Bulk Exports

There are several types of bulk exports and database dumps folks might be interested in:

  • complete database dumps
  • changelog history with all entity revisions and edit metadata
  • identifier snapshot tables
  • entity exports

All exports and dumps get uploaded to the Internet Archive under the bibliographic metadata collection.

Complete Database Dumps

The most simple and complete bulk export. Useful for disaster recovery, mirroring, or forking the entire service. The internal database schema is not stable, so not as useful for longitudinal analysis. These dumps will include edits-in-progress, deleted entities, old revisions, etc, which are potentially difficult or impossible to fetch through the API.

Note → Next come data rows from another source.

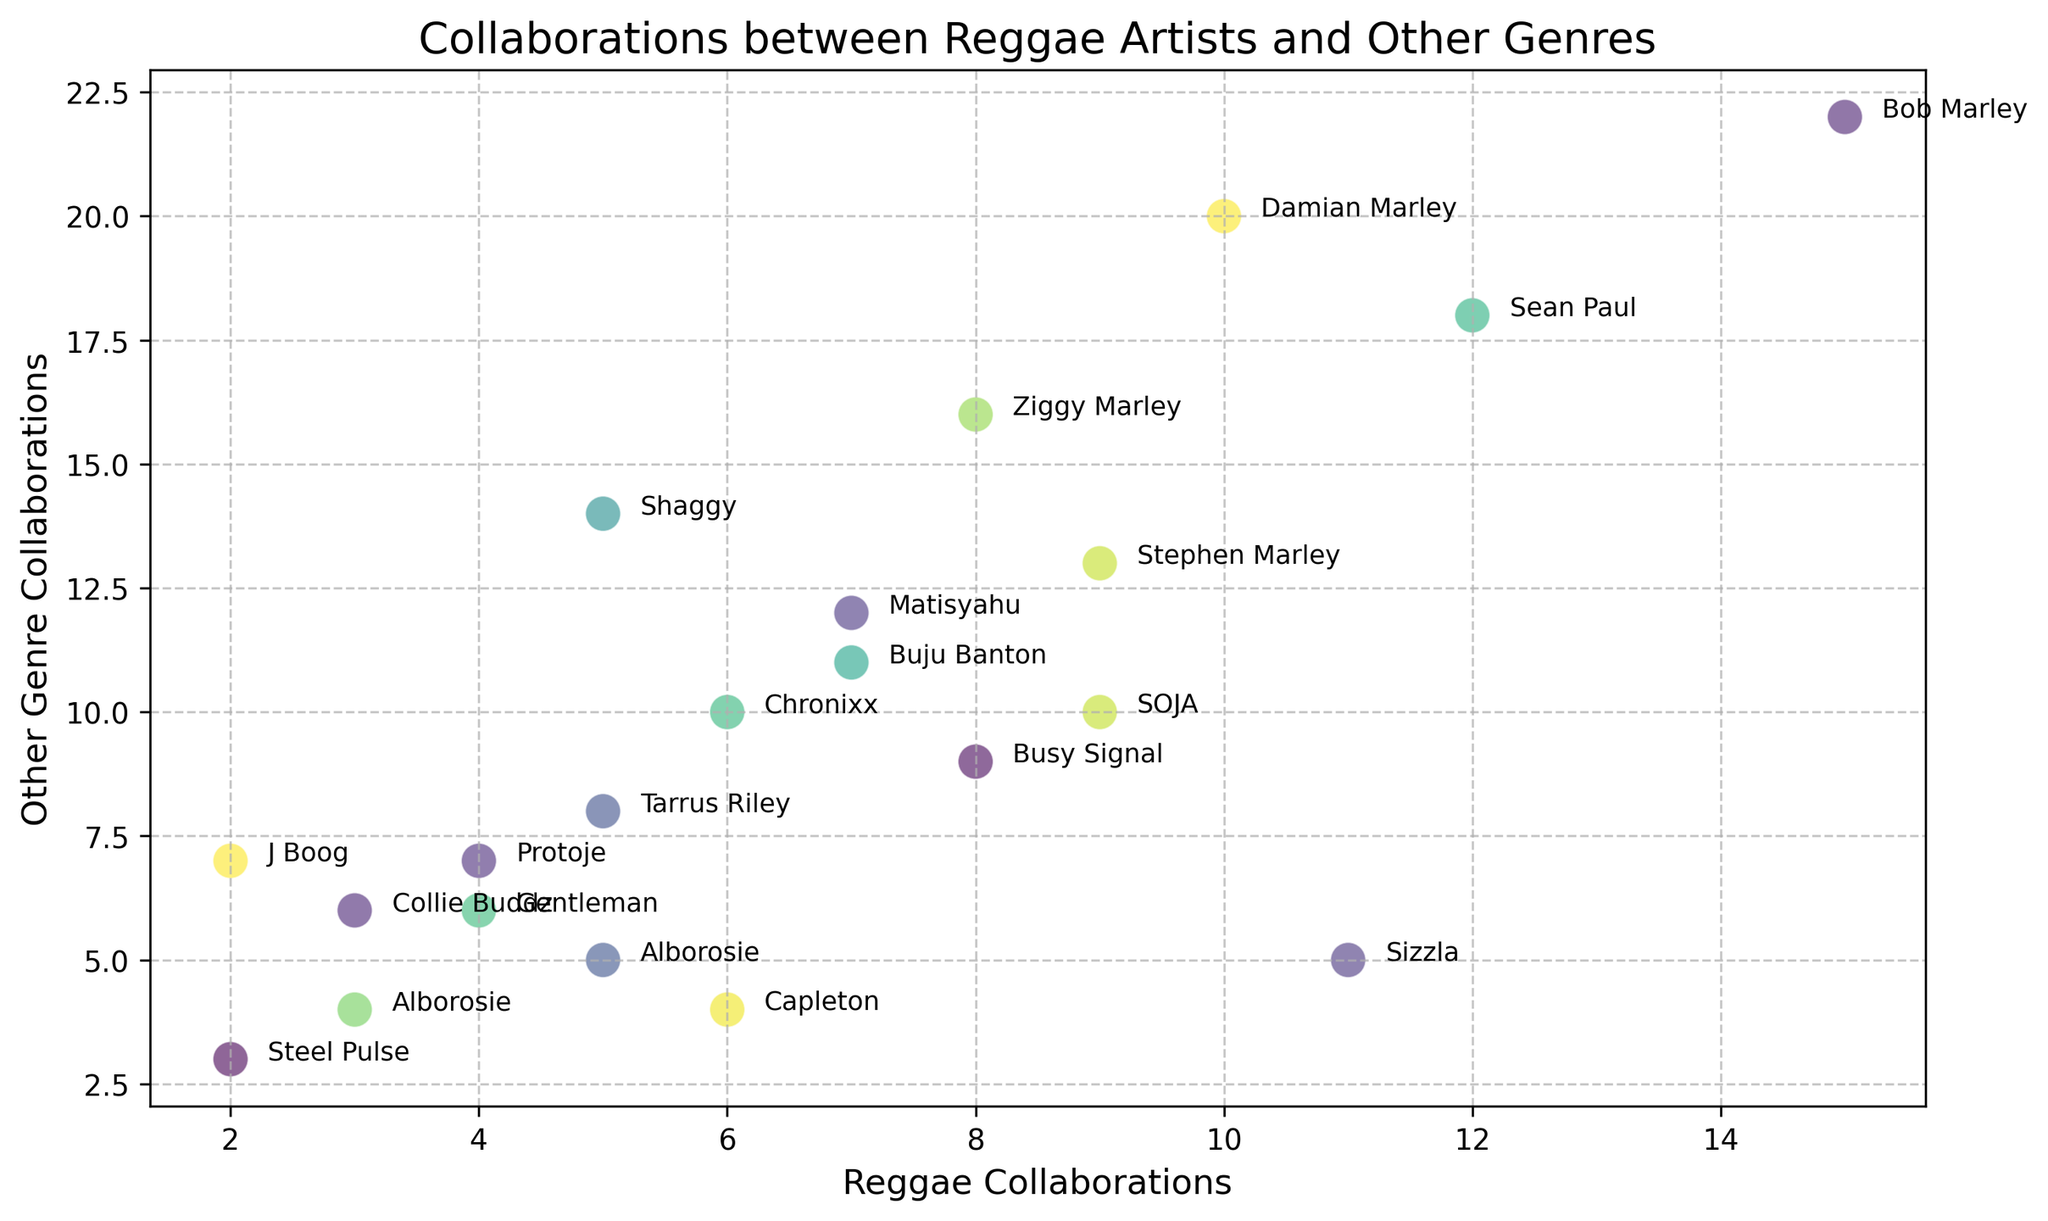What is the total number of reggae collaboration singles for artists who have also released at least 15 singles in other genres? First, identify the artists with at least 15 singles in other genres: Bob Marley (22), Sean Paul (18), Damian Marley (20), and Ziggy Marley (16). Then sum their reggae collaborations: 15 (Bob Marley) + 12 (Sean Paul) + 10 (Damian Marley) + 8 (Ziggy Marley) = 45.
Answer: 45 Which artist has the most number of singles in other genres? Look at the data points to identify which artist has the highest Y-coordinate value. Bob Marley is at the highest position with 22 singles in other genres.
Answer: Bob Marley Who has more reggae collaboration singles: Stephen Marley or Tarrus Riley? Compare the X-coordinate values for Stephen Marley (9) and Tarrus Riley (5). Stephen Marley has more reggae collaboration singles.
Answer: Stephen Marley Which artist has the closest number of reggae and other genre collaboration singles? Look for the data point where the X and Y values are closest. Gentleman has 4 reggae and 6 other genre singles, a difference of 2, which is the closest.
Answer: Gentleman What is the average number of other genre singles for the artists with at least 10 reggae collaboration singles? Identify the artists with at least 10 reggae singles: Bob Marley (15), Sean Paul (12), Damian Marley (10), Sizzla (11). Now, average their other genre singles: (22 + 18 + 20 + 5) / 4 = 16.25.
Answer: 16.25 Which artist with fewer than 10 reggae collaboration singles has collaborated the least in other genres? Identify artists with fewer than 10 reggae singles: Shaggy, Tarrus Riley, Protoje, Steel Pulse, Collie Buddz, J Boog, Alborosie, Gentleman, Matisyahu, Chronixx, Buju Banton. Of these, Steel Pulse has the least with 3 other genre singles.
Answer: Steel Pulse Who are the artists clustered towards the bottom right of the scatter plot? Look towards the segment of the plot with low X values but relatively high Y values. J Boog, Protoje, and Shaggy are clustered in this region.
Answer: J Boog, Protoje, Shaggy What is the difference in the number of other genre singles between Sizzla and J Boog? Sizzla has 5 other genre singles and J Boog has 7. The difference is 7 - 5 = 2.
Answer: 2 Which artists have exactly equal numbers of reggae and other genre collaboration singles? Look for matching X and Y values on the scatter plot. Alborosie and Alborosie (duplicate entry) both have equal numbers: 5 reggae and 5 other genre singles (first entry), 3 reggae and 4 other genre singles (second entry).
Answer: Alborosie (first entry) What is the combined number of other genre singles for Busy Signal and SOJA? Add the Y values for Busy Signal (9) and SOJA (10): 9 + 10 = 19.
Answer: 19 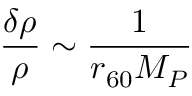<formula> <loc_0><loc_0><loc_500><loc_500>{ \frac { \delta \rho } { \rho } } \sim { \frac { 1 } { r _ { 6 0 } M _ { P } } }</formula> 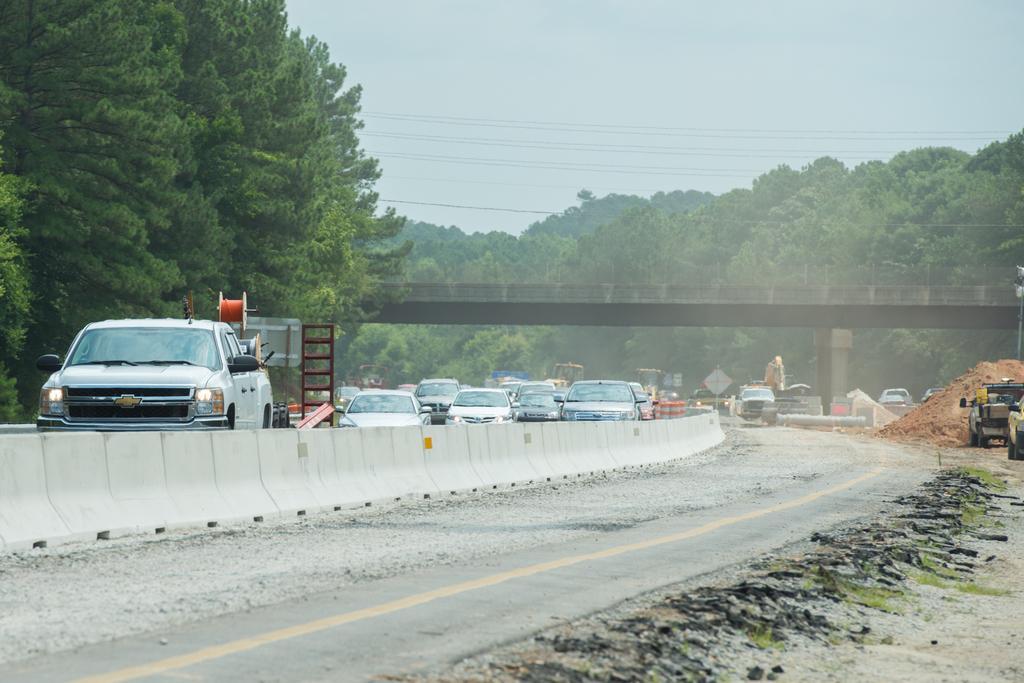How would you summarize this image in a sentence or two? In this image in the center there are vehicles moving on the road. In the background there are trees, there is a bridge and on the right side there is a sand on the ground, and the sky is cloudy.

Public copies may have some tables redacted (eg, API credentials).

Dumps are in PostgreSQL pg_dump "tar" binary format, and can be restored locally with the pg_restore command. See ./extra/sql_dumps/ for commands and details. Dumps are on the order of 100 GBytes (compressed) and will grow over time.

Changelog History

These are currently unimplemented; would involve "hydrating" sub-entities into changelog exports. Useful for some mirrors, and analysis that needs to track provenance information. Format would be the public API schema (JSON).

All information in these dumps should be possible to fetch via the public API, including on a feed/streaming basis using the sequential changelog index. All information is also contained in the database dumps.

Identifier Snapshots

Many of the other dump formats are very large. To save time and bandwidth, a few simple snapshot tables can be exported directly in TSV format. Because these tables can be dumped in single SQL transactions, they are consistent point-in-time snapshots.

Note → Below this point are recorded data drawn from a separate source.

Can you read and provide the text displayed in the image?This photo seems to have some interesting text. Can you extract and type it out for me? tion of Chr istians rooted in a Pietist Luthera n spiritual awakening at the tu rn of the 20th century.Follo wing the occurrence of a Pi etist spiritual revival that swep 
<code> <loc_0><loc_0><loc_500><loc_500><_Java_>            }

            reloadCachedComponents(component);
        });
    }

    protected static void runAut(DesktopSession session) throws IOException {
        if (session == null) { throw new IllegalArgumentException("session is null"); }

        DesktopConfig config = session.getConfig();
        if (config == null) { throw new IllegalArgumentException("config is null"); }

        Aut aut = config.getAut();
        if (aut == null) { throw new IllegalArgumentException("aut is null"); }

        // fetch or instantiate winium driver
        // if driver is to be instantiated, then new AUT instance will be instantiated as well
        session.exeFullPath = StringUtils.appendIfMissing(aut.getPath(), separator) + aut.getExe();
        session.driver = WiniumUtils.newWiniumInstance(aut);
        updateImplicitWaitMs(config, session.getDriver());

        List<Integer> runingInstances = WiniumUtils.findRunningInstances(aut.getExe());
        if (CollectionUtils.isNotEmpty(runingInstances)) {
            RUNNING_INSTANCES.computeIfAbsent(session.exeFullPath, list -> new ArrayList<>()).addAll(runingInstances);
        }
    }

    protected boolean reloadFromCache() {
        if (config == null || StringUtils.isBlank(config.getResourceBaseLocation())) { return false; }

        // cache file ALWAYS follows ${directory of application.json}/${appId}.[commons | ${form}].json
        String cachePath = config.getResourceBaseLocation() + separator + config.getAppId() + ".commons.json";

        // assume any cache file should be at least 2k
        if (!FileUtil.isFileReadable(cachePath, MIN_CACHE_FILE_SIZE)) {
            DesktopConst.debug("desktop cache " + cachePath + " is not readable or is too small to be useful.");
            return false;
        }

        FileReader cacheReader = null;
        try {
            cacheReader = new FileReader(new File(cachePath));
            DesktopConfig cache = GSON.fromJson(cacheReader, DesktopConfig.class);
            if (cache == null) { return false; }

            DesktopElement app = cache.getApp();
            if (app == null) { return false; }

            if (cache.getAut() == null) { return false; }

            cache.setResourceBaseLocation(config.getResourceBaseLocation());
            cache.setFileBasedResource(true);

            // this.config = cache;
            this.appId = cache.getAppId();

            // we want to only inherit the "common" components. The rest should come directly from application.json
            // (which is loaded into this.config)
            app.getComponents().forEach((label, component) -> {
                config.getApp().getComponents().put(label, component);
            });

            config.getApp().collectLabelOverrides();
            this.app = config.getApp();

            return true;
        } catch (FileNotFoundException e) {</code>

One format is per-entity identifier/revision tables. These contain active, deleted, and redirected identifiers, with revision and redirect references, and are used to generate the entity dumps below.

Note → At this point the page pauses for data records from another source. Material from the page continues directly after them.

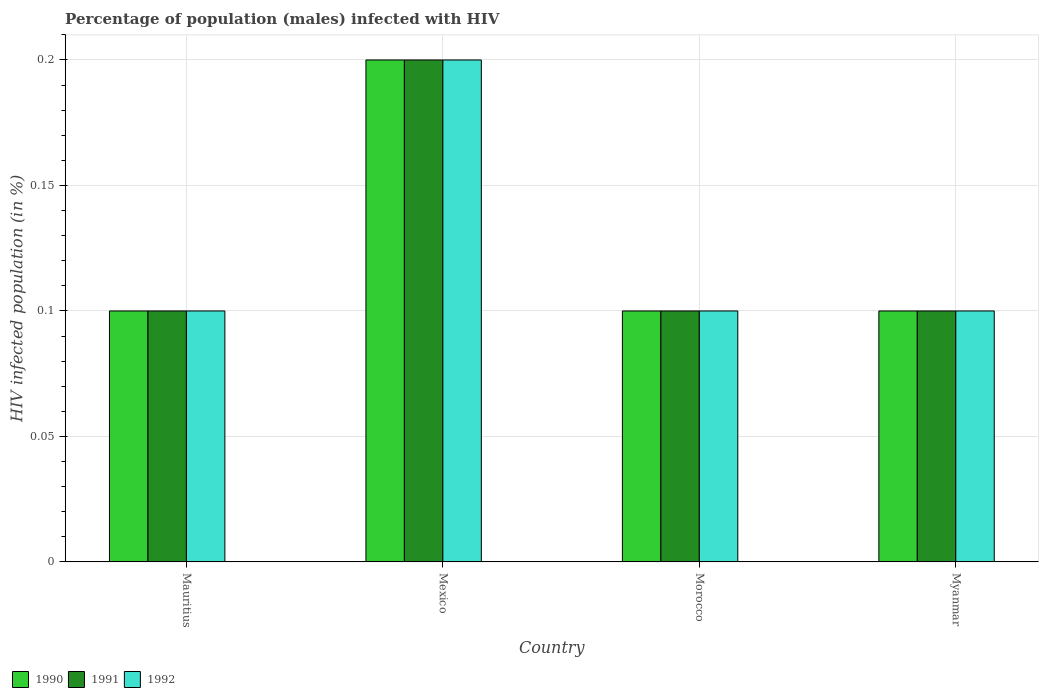How many different coloured bars are there?
Offer a very short reply. 3. How many groups of bars are there?
Keep it short and to the point. 4. Are the number of bars per tick equal to the number of legend labels?
Provide a succinct answer. Yes. How many bars are there on the 2nd tick from the left?
Make the answer very short. 3. How many bars are there on the 2nd tick from the right?
Your response must be concise. 3. What is the label of the 1st group of bars from the left?
Your response must be concise. Mauritius. In which country was the percentage of HIV infected male population in 1992 maximum?
Your response must be concise. Mexico. In which country was the percentage of HIV infected male population in 1990 minimum?
Your answer should be compact. Mauritius. Is the difference between the percentage of HIV infected male population in 1992 in Mauritius and Morocco greater than the difference between the percentage of HIV infected male population in 1991 in Mauritius and Morocco?
Make the answer very short. No. What is the difference between the highest and the second highest percentage of HIV infected male population in 1992?
Ensure brevity in your answer.  0.1. What is the difference between the highest and the lowest percentage of HIV infected male population in 1991?
Your response must be concise. 0.1. Is the sum of the percentage of HIV infected male population in 1990 in Mauritius and Morocco greater than the maximum percentage of HIV infected male population in 1992 across all countries?
Your answer should be very brief. No. What does the 3rd bar from the right in Mauritius represents?
Offer a very short reply. 1990. Is it the case that in every country, the sum of the percentage of HIV infected male population in 1991 and percentage of HIV infected male population in 1990 is greater than the percentage of HIV infected male population in 1992?
Provide a short and direct response. Yes. How many bars are there?
Provide a succinct answer. 12. Are the values on the major ticks of Y-axis written in scientific E-notation?
Provide a succinct answer. No. Does the graph contain grids?
Provide a succinct answer. Yes. How are the legend labels stacked?
Your answer should be compact. Horizontal. What is the title of the graph?
Ensure brevity in your answer.  Percentage of population (males) infected with HIV. Does "2010" appear as one of the legend labels in the graph?
Give a very brief answer. No. What is the label or title of the X-axis?
Your answer should be compact. Country. What is the label or title of the Y-axis?
Your answer should be very brief. HIV infected population (in %). What is the HIV infected population (in %) in 1990 in Mauritius?
Give a very brief answer. 0.1. What is the HIV infected population (in %) in 1991 in Mauritius?
Your answer should be compact. 0.1. What is the HIV infected population (in %) of 1992 in Mauritius?
Offer a terse response. 0.1. What is the HIV infected population (in %) of 1991 in Mexico?
Ensure brevity in your answer.  0.2. What is the HIV infected population (in %) in 1992 in Mexico?
Provide a succinct answer. 0.2. What is the HIV infected population (in %) of 1992 in Morocco?
Make the answer very short. 0.1. What is the HIV infected population (in %) of 1990 in Myanmar?
Offer a very short reply. 0.1. Across all countries, what is the minimum HIV infected population (in %) in 1990?
Make the answer very short. 0.1. Across all countries, what is the minimum HIV infected population (in %) in 1991?
Your answer should be very brief. 0.1. Across all countries, what is the minimum HIV infected population (in %) of 1992?
Provide a short and direct response. 0.1. What is the total HIV infected population (in %) of 1992 in the graph?
Provide a short and direct response. 0.5. What is the difference between the HIV infected population (in %) of 1991 in Mauritius and that in Mexico?
Your response must be concise. -0.1. What is the difference between the HIV infected population (in %) in 1992 in Mauritius and that in Morocco?
Your response must be concise. 0. What is the difference between the HIV infected population (in %) of 1990 in Mexico and that in Morocco?
Your answer should be compact. 0.1. What is the difference between the HIV infected population (in %) of 1992 in Mexico and that in Morocco?
Offer a terse response. 0.1. What is the difference between the HIV infected population (in %) in 1990 in Mexico and that in Myanmar?
Your response must be concise. 0.1. What is the difference between the HIV infected population (in %) in 1991 in Mexico and that in Myanmar?
Provide a succinct answer. 0.1. What is the difference between the HIV infected population (in %) of 1992 in Mexico and that in Myanmar?
Provide a succinct answer. 0.1. What is the difference between the HIV infected population (in %) of 1991 in Morocco and that in Myanmar?
Ensure brevity in your answer.  0. What is the difference between the HIV infected population (in %) of 1992 in Morocco and that in Myanmar?
Ensure brevity in your answer.  0. What is the difference between the HIV infected population (in %) in 1990 in Mauritius and the HIV infected population (in %) in 1992 in Mexico?
Make the answer very short. -0.1. What is the difference between the HIV infected population (in %) in 1990 in Mauritius and the HIV infected population (in %) in 1991 in Morocco?
Offer a terse response. 0. What is the difference between the HIV infected population (in %) in 1991 in Mauritius and the HIV infected population (in %) in 1992 in Morocco?
Offer a very short reply. 0. What is the difference between the HIV infected population (in %) of 1990 in Mauritius and the HIV infected population (in %) of 1992 in Myanmar?
Your answer should be very brief. 0. What is the difference between the HIV infected population (in %) of 1991 in Mauritius and the HIV infected population (in %) of 1992 in Myanmar?
Ensure brevity in your answer.  0. What is the difference between the HIV infected population (in %) in 1990 in Mexico and the HIV infected population (in %) in 1991 in Morocco?
Offer a very short reply. 0.1. What is the difference between the HIV infected population (in %) of 1990 in Mexico and the HIV infected population (in %) of 1992 in Morocco?
Give a very brief answer. 0.1. What is the difference between the HIV infected population (in %) of 1990 in Morocco and the HIV infected population (in %) of 1992 in Myanmar?
Keep it short and to the point. 0. What is the difference between the HIV infected population (in %) in 1991 in Morocco and the HIV infected population (in %) in 1992 in Myanmar?
Provide a short and direct response. 0. What is the average HIV infected population (in %) in 1990 per country?
Your answer should be compact. 0.12. What is the average HIV infected population (in %) in 1991 per country?
Your answer should be very brief. 0.12. What is the average HIV infected population (in %) in 1992 per country?
Your answer should be compact. 0.12. What is the difference between the HIV infected population (in %) of 1990 and HIV infected population (in %) of 1991 in Mauritius?
Provide a short and direct response. 0. What is the difference between the HIV infected population (in %) of 1990 and HIV infected population (in %) of 1992 in Mauritius?
Offer a very short reply. 0. What is the difference between the HIV infected population (in %) in 1991 and HIV infected population (in %) in 1992 in Mauritius?
Your response must be concise. 0. What is the difference between the HIV infected population (in %) of 1990 and HIV infected population (in %) of 1991 in Mexico?
Your response must be concise. 0. What is the difference between the HIV infected population (in %) of 1990 and HIV infected population (in %) of 1992 in Morocco?
Make the answer very short. 0. What is the difference between the HIV infected population (in %) of 1991 and HIV infected population (in %) of 1992 in Morocco?
Keep it short and to the point. 0. What is the ratio of the HIV infected population (in %) of 1990 in Mauritius to that in Mexico?
Give a very brief answer. 0.5. What is the ratio of the HIV infected population (in %) of 1992 in Mauritius to that in Mexico?
Your answer should be very brief. 0.5. What is the ratio of the HIV infected population (in %) in 1991 in Mauritius to that in Morocco?
Make the answer very short. 1. What is the ratio of the HIV infected population (in %) of 1990 in Mauritius to that in Myanmar?
Provide a succinct answer. 1. What is the ratio of the HIV infected population (in %) in 1991 in Mauritius to that in Myanmar?
Offer a very short reply. 1. What is the ratio of the HIV infected population (in %) of 1992 in Mauritius to that in Myanmar?
Make the answer very short. 1. What is the ratio of the HIV infected population (in %) in 1990 in Mexico to that in Morocco?
Provide a succinct answer. 2. What is the ratio of the HIV infected population (in %) in 1991 in Mexico to that in Morocco?
Your answer should be very brief. 2. What is the ratio of the HIV infected population (in %) in 1991 in Mexico to that in Myanmar?
Your answer should be compact. 2. What is the ratio of the HIV infected population (in %) in 1992 in Mexico to that in Myanmar?
Ensure brevity in your answer.  2. What is the ratio of the HIV infected population (in %) in 1990 in Morocco to that in Myanmar?
Your response must be concise. 1. What is the ratio of the HIV infected population (in %) in 1992 in Morocco to that in Myanmar?
Offer a terse response. 1. What is the difference between the highest and the second highest HIV infected population (in %) of 1991?
Offer a very short reply. 0.1. What is the difference between the highest and the second highest HIV infected population (in %) in 1992?
Make the answer very short. 0.1. What is the difference between the highest and the lowest HIV infected population (in %) in 1990?
Give a very brief answer. 0.1. What is the difference between the highest and the lowest HIV infected population (in %) in 1992?
Provide a succinct answer. 0.1.

Other tables contain external identifier mappings or file hashes.

Release abstracts can be dumped in their own table (JSON format), allowing them to be included only by reference from other dumps. The copyright status and usage restrictions on abstracts are different from other catalog content; see the policy page for more context. Abstracts are immutable and referenced by hash in the database, so the consistency of these dumps is not as much of a concern as with other exports.

Unlike all other dumps and public formats, the Fatcat identifiers in these dumps are in raw UUID format (not base32-encoded), though this may be fixed in the future.

See ./extra/sql_dumps/ for scripts and details. Dumps are on the order of a couple GBytes each (compressed).

Entity Exports

Using the above identifier snapshots, the Rust fatcat-export program outputs single-entity-per-line JSON files with the same schema as the HTTP API. These might contain the default fields, or be in "expanded" format containing sub-entities for each record.

Only "active" entities are included (not deleted, work-in-progress, or redirected entities).

The ./rust/README.export.md file has more context.

These dumps can be quite large when expanded (over 100 GBytes compressed), but do not include history so will not grow as fast as other exports over time. Not all entity types are dumped at the moment; if you would like specific dumps get in touch!